Investigation of the hepatotoxicity of a mixture of two halogen compounds--carbon tetrachloride (CT) and 1,2-dibromoethane (DBE) used in association, especially in agriculture--is reported. Their simultaneous administration in the rat potentiates the necrosis provoked by exposure to CT alone. This damage can be totally prevented by prior treatment with vitamin E, which raises the liver antioxidant level. Determination of the TBA-reacting substances released from the liver homogenates of animals treated with one or both substances also corroborates the importance of lipid peroxidation in the pathogenesis of this potentiation. Furthermore, no significant difference between poisoning by CT and CT + DBE is noted when liver GSH values are measured under the same experimental conditions. This finding rules out the possibility that potentiation is only the simply sum of the damage caused by the two compounds (lipid peroxidation due to a radical initiator for CT, depletion of GSH for DBE). It is thus something more than a mere combination of two mechanisms of action and further investigation is required to unravel its more complex pathogenesis.
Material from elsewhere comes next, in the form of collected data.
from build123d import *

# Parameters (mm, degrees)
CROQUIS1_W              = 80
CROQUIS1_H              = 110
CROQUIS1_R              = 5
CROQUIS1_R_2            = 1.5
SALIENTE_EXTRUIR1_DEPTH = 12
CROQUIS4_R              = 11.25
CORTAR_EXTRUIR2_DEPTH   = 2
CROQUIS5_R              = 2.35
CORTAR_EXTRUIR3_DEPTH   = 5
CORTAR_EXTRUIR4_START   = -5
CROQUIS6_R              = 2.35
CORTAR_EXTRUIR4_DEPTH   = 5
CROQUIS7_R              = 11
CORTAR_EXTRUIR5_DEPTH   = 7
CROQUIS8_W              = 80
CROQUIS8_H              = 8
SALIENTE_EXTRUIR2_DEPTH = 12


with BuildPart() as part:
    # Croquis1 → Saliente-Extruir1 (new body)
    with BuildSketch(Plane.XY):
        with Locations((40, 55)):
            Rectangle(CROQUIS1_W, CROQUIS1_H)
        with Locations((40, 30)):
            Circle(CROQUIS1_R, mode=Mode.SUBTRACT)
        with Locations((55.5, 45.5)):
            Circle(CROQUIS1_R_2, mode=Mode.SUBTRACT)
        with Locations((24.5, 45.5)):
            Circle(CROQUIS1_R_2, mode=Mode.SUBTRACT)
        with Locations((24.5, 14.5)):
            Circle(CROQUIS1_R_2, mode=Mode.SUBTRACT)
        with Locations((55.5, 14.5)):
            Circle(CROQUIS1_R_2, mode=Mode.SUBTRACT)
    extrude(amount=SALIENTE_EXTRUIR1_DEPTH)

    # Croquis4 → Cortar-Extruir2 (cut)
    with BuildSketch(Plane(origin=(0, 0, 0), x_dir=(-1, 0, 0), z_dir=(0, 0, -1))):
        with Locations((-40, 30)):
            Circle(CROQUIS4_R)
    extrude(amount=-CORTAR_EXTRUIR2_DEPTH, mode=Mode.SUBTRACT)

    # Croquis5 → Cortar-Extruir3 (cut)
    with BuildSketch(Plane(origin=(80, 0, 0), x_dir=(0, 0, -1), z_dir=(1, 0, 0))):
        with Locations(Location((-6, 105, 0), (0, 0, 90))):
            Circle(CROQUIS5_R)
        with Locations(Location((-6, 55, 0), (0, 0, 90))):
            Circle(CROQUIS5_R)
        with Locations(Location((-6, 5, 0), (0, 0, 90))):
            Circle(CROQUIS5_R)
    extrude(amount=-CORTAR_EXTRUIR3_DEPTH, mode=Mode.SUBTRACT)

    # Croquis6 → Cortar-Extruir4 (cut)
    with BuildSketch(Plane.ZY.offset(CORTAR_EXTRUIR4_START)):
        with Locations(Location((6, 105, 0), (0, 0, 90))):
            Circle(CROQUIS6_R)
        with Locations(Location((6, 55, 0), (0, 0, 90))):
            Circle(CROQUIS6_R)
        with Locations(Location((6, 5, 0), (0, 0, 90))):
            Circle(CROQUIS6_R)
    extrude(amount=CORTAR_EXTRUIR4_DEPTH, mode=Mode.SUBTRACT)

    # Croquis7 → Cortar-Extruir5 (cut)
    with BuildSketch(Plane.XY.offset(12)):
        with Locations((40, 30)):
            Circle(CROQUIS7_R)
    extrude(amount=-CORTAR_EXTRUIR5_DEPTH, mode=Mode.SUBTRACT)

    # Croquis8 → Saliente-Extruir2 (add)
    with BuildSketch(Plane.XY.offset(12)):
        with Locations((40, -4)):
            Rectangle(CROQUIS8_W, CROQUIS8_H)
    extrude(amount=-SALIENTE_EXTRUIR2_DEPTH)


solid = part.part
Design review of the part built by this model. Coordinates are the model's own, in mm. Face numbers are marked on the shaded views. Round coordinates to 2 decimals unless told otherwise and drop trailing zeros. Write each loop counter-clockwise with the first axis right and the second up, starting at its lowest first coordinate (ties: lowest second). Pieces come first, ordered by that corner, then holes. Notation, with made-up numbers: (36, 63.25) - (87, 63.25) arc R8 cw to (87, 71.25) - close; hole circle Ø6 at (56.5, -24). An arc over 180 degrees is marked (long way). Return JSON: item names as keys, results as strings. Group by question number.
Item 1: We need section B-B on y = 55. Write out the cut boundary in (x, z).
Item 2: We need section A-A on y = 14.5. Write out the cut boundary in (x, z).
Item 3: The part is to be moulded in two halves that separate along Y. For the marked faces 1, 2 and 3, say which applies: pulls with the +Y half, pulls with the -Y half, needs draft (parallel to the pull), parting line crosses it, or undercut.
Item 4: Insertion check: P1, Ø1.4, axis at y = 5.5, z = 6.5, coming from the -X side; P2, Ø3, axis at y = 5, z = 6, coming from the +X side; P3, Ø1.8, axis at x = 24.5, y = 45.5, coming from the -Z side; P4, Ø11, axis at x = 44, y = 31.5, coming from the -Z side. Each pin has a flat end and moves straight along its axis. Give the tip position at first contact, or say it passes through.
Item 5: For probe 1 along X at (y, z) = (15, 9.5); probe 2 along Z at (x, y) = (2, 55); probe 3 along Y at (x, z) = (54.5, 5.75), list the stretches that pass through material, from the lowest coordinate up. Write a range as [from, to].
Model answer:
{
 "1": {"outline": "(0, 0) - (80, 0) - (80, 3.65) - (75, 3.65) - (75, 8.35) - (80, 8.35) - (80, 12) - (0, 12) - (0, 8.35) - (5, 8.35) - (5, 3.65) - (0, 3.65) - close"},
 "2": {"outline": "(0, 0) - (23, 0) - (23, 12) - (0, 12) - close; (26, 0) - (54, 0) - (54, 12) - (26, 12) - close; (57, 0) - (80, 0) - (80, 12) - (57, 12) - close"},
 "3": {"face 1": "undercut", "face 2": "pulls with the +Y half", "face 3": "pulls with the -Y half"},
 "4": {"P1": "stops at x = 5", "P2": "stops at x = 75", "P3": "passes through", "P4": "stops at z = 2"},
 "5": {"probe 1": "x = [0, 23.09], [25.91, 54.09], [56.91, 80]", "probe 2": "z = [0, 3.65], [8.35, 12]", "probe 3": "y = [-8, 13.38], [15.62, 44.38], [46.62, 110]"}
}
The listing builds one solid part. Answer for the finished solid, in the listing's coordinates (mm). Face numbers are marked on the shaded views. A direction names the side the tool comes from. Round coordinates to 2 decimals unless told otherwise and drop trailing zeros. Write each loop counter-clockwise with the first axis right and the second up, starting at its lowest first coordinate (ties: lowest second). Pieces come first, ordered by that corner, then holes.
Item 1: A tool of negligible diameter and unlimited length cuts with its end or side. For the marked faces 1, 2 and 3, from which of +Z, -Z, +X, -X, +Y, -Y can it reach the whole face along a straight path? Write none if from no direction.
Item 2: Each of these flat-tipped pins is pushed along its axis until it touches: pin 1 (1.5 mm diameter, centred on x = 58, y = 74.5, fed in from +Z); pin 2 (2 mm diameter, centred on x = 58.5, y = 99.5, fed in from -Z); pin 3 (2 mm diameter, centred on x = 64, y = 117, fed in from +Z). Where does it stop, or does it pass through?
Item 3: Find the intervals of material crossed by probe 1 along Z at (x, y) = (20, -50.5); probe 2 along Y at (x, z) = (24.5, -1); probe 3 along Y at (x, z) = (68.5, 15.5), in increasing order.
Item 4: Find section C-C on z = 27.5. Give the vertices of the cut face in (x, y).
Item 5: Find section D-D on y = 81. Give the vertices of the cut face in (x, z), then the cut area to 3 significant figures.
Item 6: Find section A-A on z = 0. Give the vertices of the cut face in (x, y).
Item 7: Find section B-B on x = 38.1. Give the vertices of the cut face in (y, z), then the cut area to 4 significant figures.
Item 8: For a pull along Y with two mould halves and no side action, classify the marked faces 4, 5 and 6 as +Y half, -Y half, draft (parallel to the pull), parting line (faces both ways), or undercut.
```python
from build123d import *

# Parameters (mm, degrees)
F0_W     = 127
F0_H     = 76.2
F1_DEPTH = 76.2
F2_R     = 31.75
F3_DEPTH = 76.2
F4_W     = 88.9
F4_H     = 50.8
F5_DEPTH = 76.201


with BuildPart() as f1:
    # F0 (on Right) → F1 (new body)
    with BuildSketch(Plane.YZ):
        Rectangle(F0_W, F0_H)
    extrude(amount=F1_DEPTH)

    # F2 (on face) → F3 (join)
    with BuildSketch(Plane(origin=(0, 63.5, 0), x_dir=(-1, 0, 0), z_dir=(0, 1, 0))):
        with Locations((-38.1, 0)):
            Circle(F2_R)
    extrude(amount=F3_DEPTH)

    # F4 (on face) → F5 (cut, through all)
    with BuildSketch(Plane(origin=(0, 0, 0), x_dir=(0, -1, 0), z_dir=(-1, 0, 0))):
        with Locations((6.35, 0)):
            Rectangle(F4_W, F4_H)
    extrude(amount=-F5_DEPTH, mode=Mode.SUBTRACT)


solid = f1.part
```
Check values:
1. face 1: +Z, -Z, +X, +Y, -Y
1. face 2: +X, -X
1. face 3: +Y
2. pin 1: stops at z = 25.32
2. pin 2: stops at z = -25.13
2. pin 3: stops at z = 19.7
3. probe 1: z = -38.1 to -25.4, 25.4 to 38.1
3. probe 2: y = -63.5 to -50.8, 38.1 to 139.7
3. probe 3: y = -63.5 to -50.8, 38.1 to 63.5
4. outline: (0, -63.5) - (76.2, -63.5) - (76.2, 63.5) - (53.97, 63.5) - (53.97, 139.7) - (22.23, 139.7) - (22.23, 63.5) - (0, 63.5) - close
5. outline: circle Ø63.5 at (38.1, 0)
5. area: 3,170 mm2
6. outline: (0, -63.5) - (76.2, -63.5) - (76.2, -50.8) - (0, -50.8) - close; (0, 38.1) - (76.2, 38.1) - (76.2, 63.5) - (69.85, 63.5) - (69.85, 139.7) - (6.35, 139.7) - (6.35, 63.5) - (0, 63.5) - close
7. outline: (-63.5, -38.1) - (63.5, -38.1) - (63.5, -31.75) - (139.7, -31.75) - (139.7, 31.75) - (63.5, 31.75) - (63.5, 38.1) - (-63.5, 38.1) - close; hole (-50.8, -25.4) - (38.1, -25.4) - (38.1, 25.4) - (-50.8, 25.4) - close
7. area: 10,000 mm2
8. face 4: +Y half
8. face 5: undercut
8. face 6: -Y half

据报道,对两种卤素化合物——四氯化碳(CT)和1,2 - 二溴乙烷(DBE)的混合物(特别是在农业中联合使用时)的肝毒性进行了研究。它们同时给予大鼠会增强单独接触CT所引发的坏死。这种损伤可以通过预先用维生素E治疗来完全预防,维生素E可提高肝脏抗氧化水平。对用一种或两种物质处理的动物肝脏匀浆中释放的TBA反应性物质的测定也证实了脂质过氧化在这种增强作用发病机制中的重要性。此外,在相同实验条件下测量肝脏谷胱甘肽(GSH)值时,未发现CT中毒和CT + DBE中毒之间有显著差异。这一发现排除了增强作用仅仅是两种化合物所造成损伤的简单相加(CT为自由基引发剂导致脂质过氧化,DBE导致GSH耗竭)的可能性。因此,它不仅仅是两种作用机制的简单组合,需要进一步研究以阐明其更复杂的发病机制。